:: ENTRIES SHOWN ::
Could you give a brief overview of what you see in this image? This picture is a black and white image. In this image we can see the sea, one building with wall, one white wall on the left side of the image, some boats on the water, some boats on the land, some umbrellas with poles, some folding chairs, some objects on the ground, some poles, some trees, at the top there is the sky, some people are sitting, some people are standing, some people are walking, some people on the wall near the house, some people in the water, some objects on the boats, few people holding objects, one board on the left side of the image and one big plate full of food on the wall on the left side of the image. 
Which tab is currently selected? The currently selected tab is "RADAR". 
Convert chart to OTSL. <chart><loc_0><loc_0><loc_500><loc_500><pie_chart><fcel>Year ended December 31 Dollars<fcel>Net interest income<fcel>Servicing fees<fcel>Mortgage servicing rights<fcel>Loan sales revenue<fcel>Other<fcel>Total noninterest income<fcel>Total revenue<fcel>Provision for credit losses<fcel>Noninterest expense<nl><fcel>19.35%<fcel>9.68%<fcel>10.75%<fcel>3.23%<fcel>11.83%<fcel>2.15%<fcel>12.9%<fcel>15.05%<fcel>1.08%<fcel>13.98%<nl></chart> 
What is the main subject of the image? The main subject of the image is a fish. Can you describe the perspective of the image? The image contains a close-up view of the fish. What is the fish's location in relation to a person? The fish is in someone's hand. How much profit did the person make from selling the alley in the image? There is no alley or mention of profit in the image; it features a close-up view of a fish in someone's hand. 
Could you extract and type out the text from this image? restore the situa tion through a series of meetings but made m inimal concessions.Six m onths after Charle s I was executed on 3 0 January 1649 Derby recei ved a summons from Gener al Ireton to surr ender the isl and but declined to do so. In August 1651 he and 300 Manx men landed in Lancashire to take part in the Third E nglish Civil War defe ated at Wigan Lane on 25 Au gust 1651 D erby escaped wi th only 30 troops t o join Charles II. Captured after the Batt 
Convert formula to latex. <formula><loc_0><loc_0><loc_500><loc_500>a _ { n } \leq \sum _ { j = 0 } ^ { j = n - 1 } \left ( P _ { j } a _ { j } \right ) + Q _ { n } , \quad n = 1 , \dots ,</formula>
:::
EXERCISE:
The answer must hold only the lines from the first line of the data through the line bearing "Convert chart to", returned exactly.

RESULT OF THIS TASK:
Could you give a brief overview of what you see in this image? This picture is a black and white image. In this image we can see the sea, one building with wall, one white wall on the left side of the image, some boats on the water, some boats on the land, some umbrellas with poles, some folding chairs, some objects on the ground, some poles, some trees, at the top there is the sky, some people are sitting, some people are standing, some people are walking, some people on the wall near the house, some people in the water, some objects on the boats, few people holding objects, one board on the left side of the image and one big plate full of food on the wall on the left side of the image. 
Which tab is currently selected? The currently selected tab is "RADAR". 
Convert chart to OTSL. <chart><loc_0><loc_0><loc_500><loc_500><pie_chart><fcel>Year ended December 31 Dollars<fcel>Net interest income<fcel>Servicing fees<fcel>Mortgage servicing rights<fcel>Loan sales revenue<fcel>Other<fcel>Total noninterest income<fcel>Total revenue<fcel>Provision for credit losses<fcel>Noninterest expense<nl><fcel>19.35%<fcel>9.68%<fcel>10.75%<fcel>3.23%<fcel>11.83%<fcel>2.15%<fcel>12.9%<fcel>15.05%<fcel>1.08%<fcel>13.98%<nl></chart> 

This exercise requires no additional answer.